Fix: verify panel choice by reading the panel description carefully. If unsure, ask the funder’s programme officer before submission.
10. “Ethics annex weak”
Late-stage ethics work shows. Boilerplate data-management plan, missing GDPR considerations, no IRB equivalence plan for foreign-component studies.
Fix: 1 full week dedicated to the ethics annex. If working with human data, name-specific consent procedures, retention periods, repositories.
11. “Open-science plan as boilerplate”
Most funders now require open-access and open-data plans. Reviewers explicitly score them. A one-paragraph “we will publish open access” gets a low score.
Fix: name specific repositories, file formats, embargo periods. Explain how the plan aligns with the funder’s open-science policy.

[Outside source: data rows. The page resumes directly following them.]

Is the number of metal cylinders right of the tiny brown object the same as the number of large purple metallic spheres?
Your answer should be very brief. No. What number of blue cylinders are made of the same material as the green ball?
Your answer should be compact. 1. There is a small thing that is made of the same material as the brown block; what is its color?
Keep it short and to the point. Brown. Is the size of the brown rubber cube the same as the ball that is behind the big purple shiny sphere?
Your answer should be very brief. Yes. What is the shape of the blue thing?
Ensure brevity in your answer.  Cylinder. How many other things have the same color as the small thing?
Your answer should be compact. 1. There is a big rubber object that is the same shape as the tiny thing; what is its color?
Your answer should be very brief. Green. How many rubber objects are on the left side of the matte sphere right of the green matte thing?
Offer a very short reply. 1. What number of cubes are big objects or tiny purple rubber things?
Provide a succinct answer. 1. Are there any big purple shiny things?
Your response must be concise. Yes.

12. “Below the funding line”
Sometimes the proposal scored well but the panel had more strong proposals than budget. The reviewers have nothing critical to say but the proposal didn’t make the cut.
Fix: resubmit. Most agencies allow A1/resubmission with modest revision. Address even the “not weaknesses” reviewers mentioned.

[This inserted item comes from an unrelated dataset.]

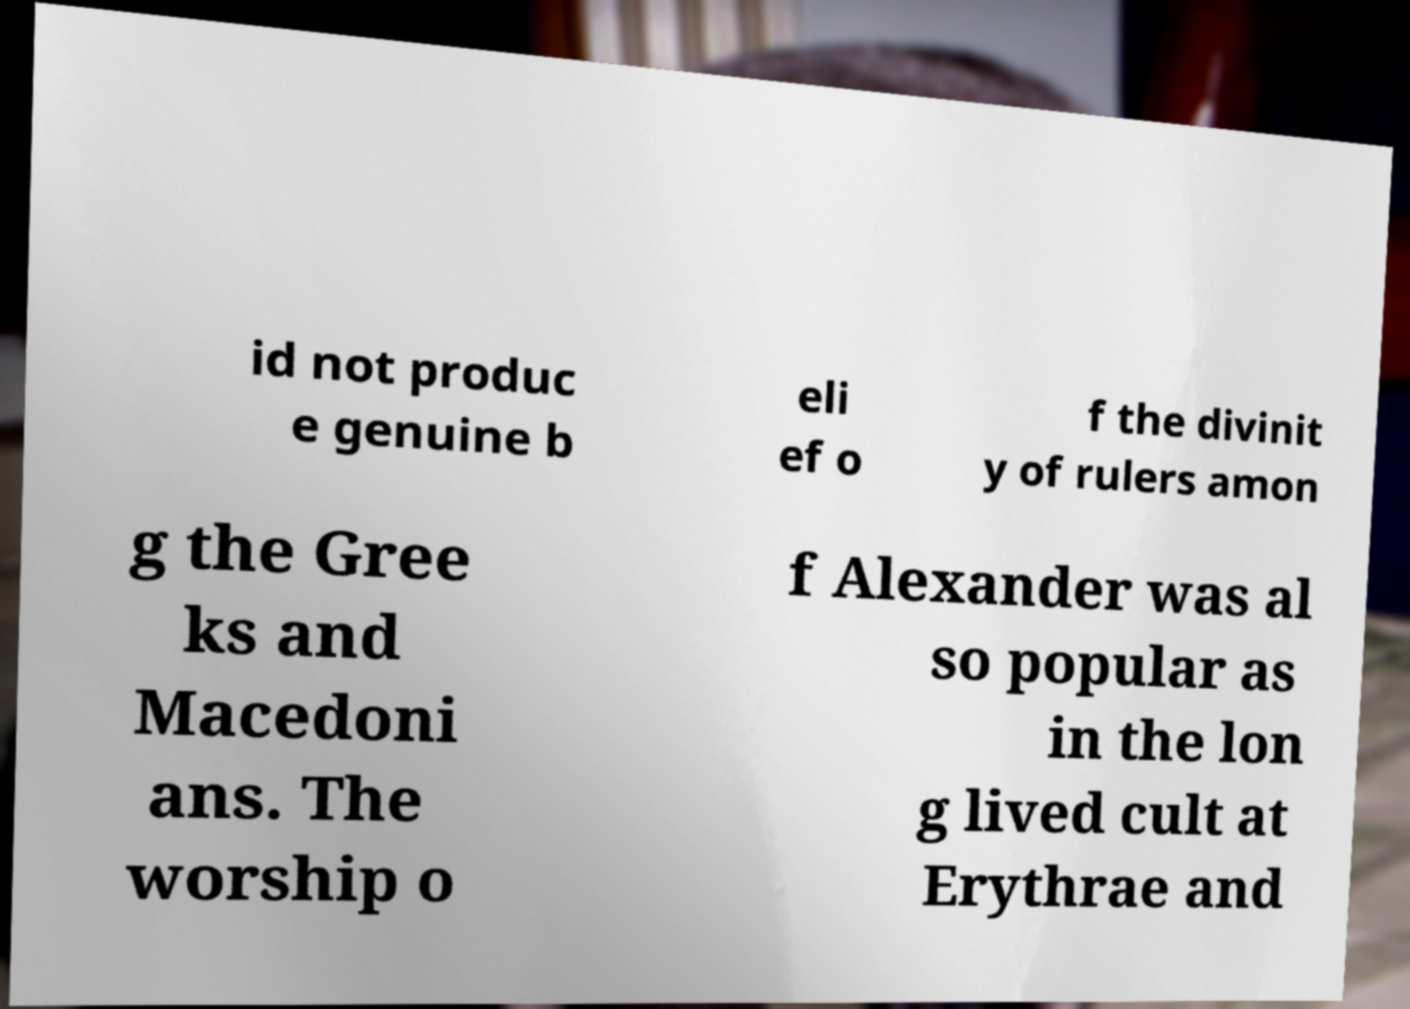Can you read and provide the text displayed in the image?This photo seems to have some interesting text. Can you extract and type it out for me? id not produc e genuine b eli ef o f the divinit y of rulers amon g the Gree ks and Macedoni ans. The worship o f Alexander was al so popular as in the lon g lived cult at Erythrae and

How to recover from a rejection
- Wait 48 hours before reading the report. Reading angry leads to bad decisions.
- Categorise each comment: “real weakness”, “reviewer misunderstood”, “outside our control”.
- Address every real weakness before resubmission. Even if you disagree, reviewers from the same panel may share the misunderstanding — clarify the writing.
- Plan B funder: if the proposal is below-line at one funder, identify two adjacent calls where it fits and adapt for the next deadline.
- Talk to a programme officer. Many funders welcome 15-minute conversations on the decline letter; programme officers know which weaknesses are real and which were panel happenstance.